AKT: I do too. Did you see the recent documentary, Boris Karloff: The Man Behind the Monster?

NE: No!

AKT: I interviewed the director [Thomas Hamilton and co-writer/producer Ron MacCloskey] about it. I’ll send you the link to the conversation.

NE: Oh please. I’d love to see it. “Pull de stringg! Pull de stringg!” [quoting Bela Lugosi] I love that!

AKT: The most profound ideas, death of all things, and what do we think about? Movie images! You are absolutely right. We imagine Ingmar Bergman scenes of playing chess with Death. I teach a course on fairy tales and storytelling at Hunter and we talk a lot about the long tradition of folktales that tried to make sense of it.

Neville Elder on White Zombie: “That is a film, I don’t think I saw it at the time, but that Dominic and I would have watched.”
Neville Elder on White Zombie: “That is a film, I don’t think I saw it at the time, but that Dominic and I would have watched.”

NE: That film in particular is another in-joke. That woman, she rises from the dead, it’s called White Zombie, it’s about zombies. One of the first zombie movies. And of course I don’t have to explain how that fits in with the idea of the story.

AKT: The title says it’s Part One. There’ll be Part Two?

NE: I’m working on Part Two right now. Part Two is an interview with myself and my sister. Because the film leaves off with the idea that I can’t remember where she was at this time. The second part is about my interview with her and what she remembers. My quest in the first one is to find this memory. Can she help me find it?

And as I discover, she herself was a witness to the accident but in a different way - she heard it from an open window.
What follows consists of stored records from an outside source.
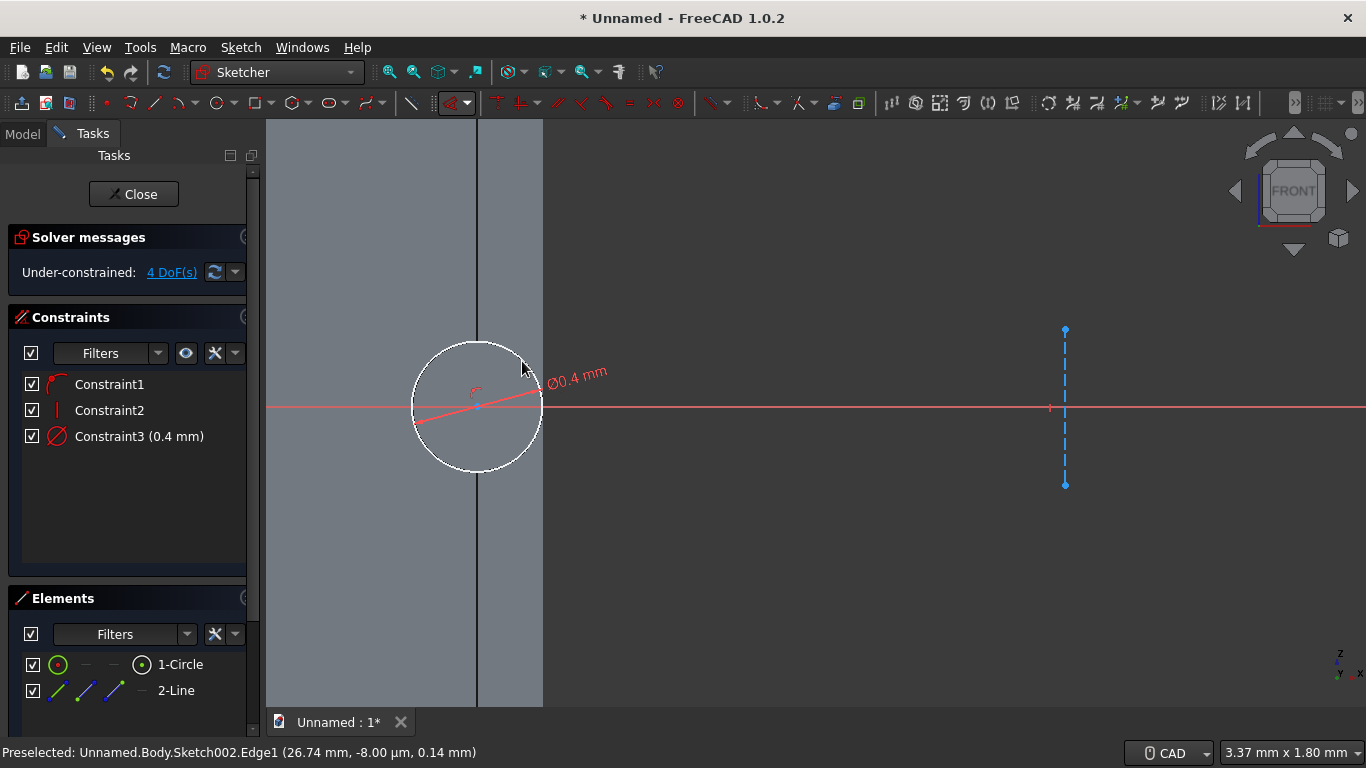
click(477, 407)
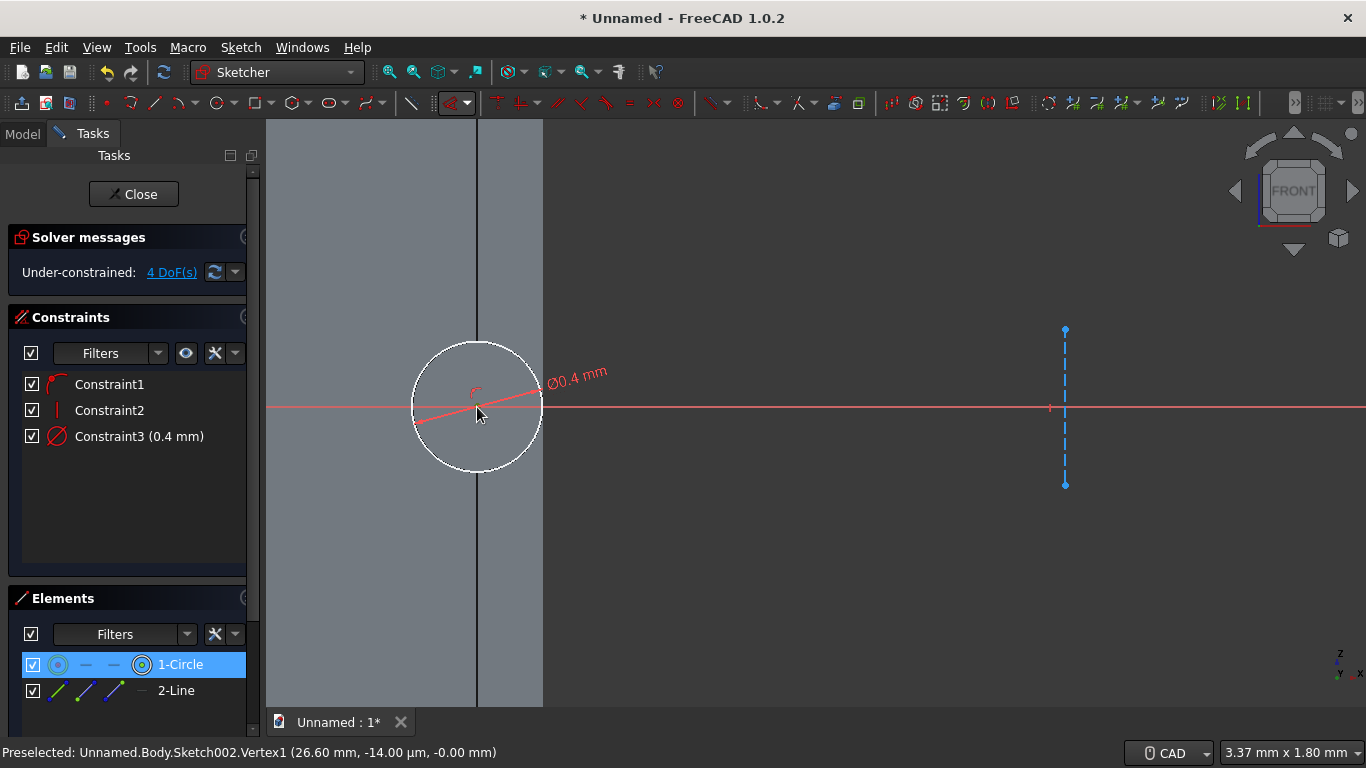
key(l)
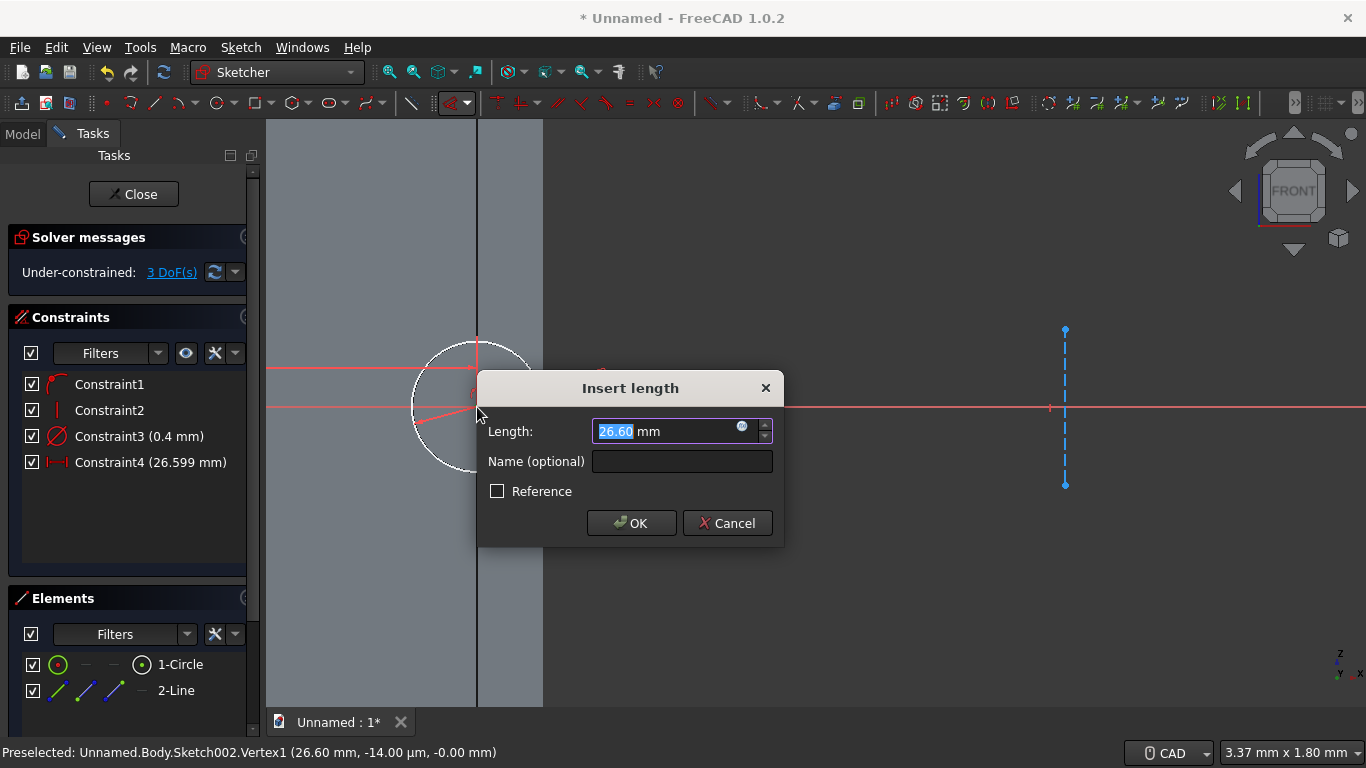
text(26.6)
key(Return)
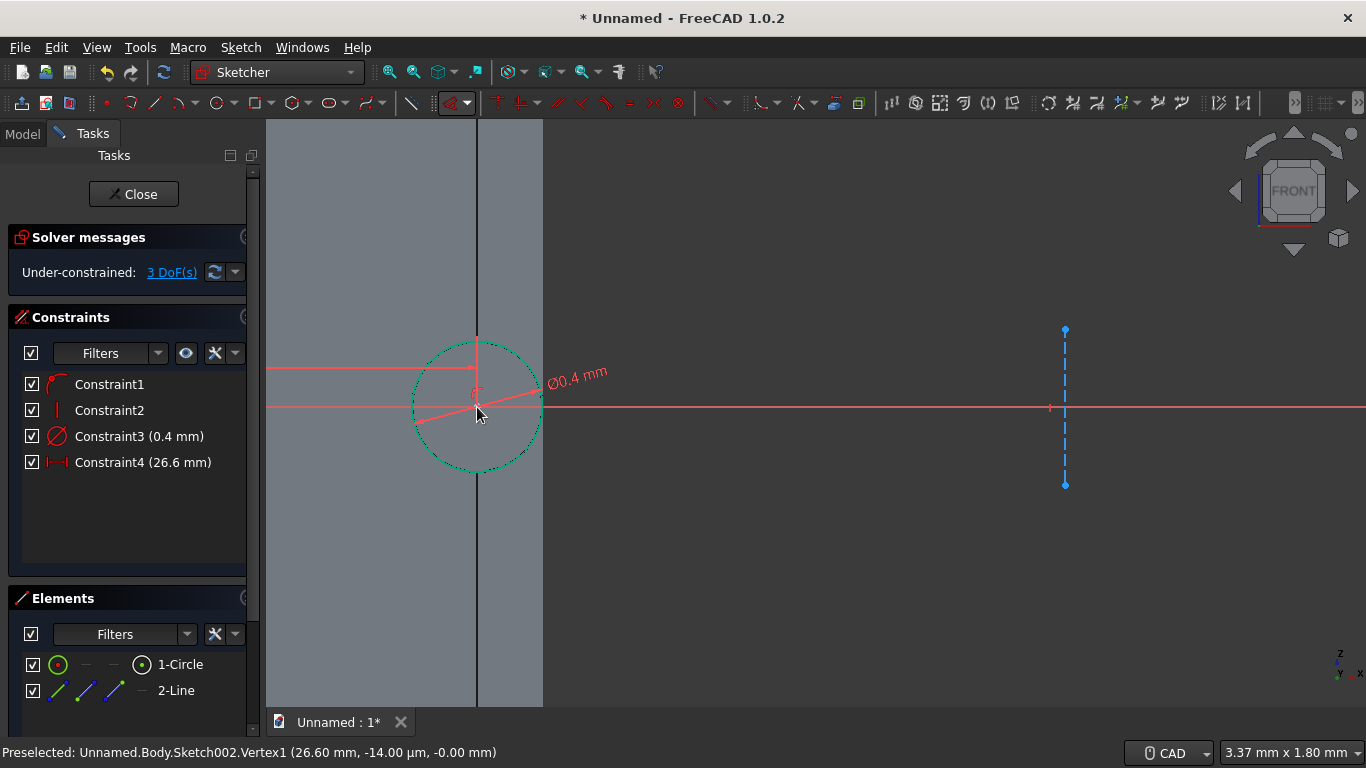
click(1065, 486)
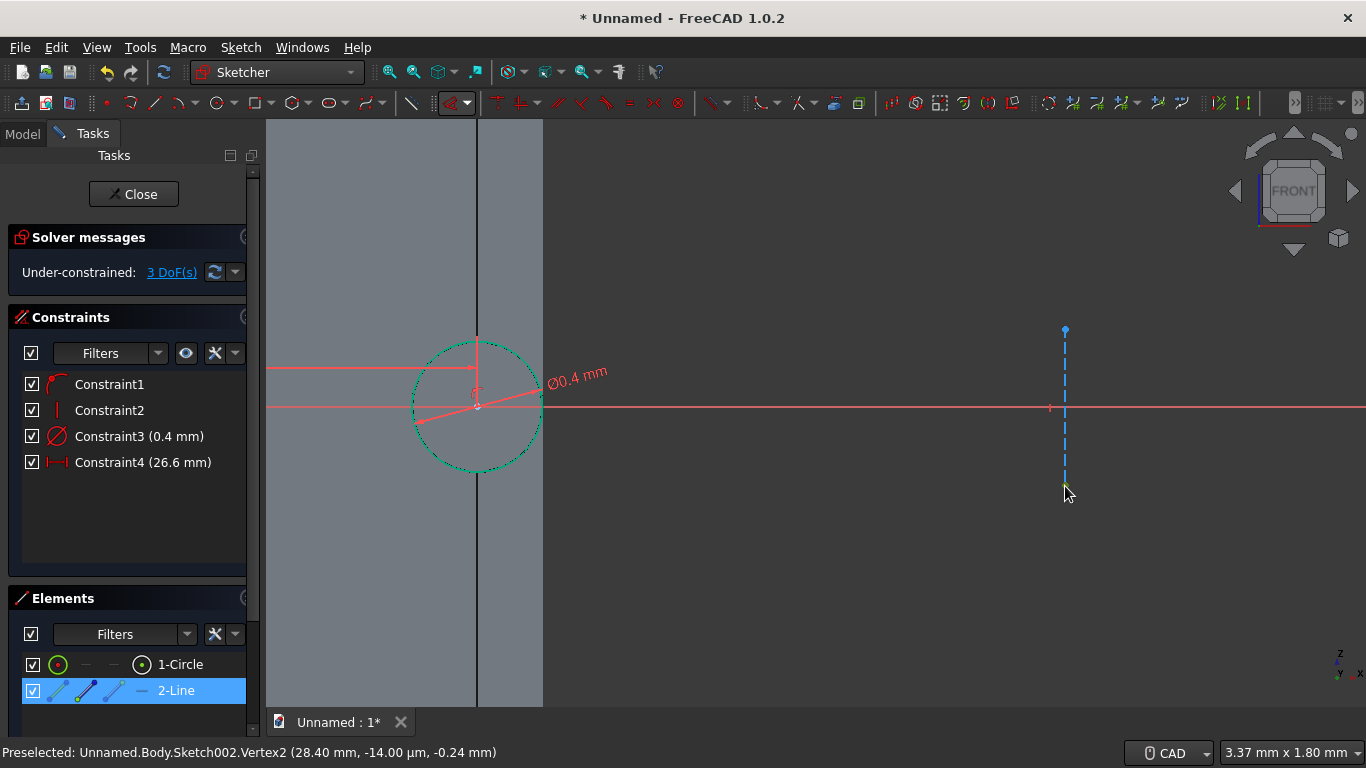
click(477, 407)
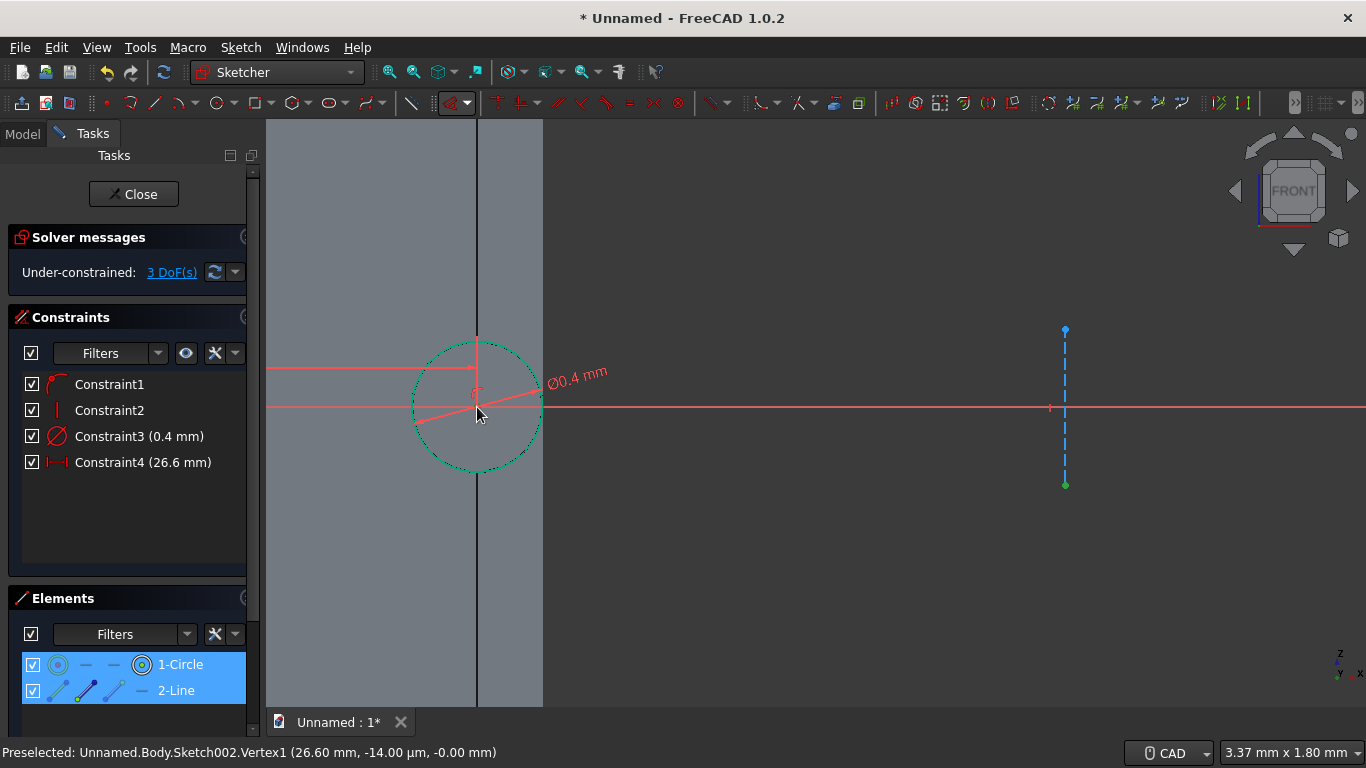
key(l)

And went down to raise hell to get people to help because she knew what had happened. She guessed, she was nine. It’s the idea of her then being ignored. Because everything was swirling around me because I was the one who saw. And then she steps back and she literally talks about being invisible.

AKT: Competition in who was the witness. Witness competition, I don’t know if that exists.

NE: That’s interesting. It fits in quite well with the concept of sibling rivalry as well.

DOC NYC 2021 poster
DOC NYC 2021 poster

AKT: The title is perfect because of the different meanings of the word. One of the definitions of anamnesis is that you think you remember a previous life - does it feel like a different life to you?

NE: I hope this doesn’t sound cynical, but when I was searching around for a title, I literally just searched thesaurus and was digging around for the idea of remembrance. So it’s kind of a $10 word for trying to remember. That suits it in terms of what the object of the film was, which is the academic thesis.

AKT: Nabokov wouldn’t mind, he did things like that. You’re in good company. Thank you for this. I really like your film. I found it fascinating.

NE: Thank you, Anne-Katrin. It surprised me, the attention that it got actually. It won best short in the Chicago Southland International Film Festival. For a film of this nature that I’ve never tried before and to find out that I’m on the right track is incredibly rewarding and the prestige of being in DOC NYC, of course.

DOC NYC 2021 in cinemas (IFC Center - SVA Theatre - Cinépolis Chelsea) runs from November 10 through November 18 with select films screening online in the US from November 19 through November 28.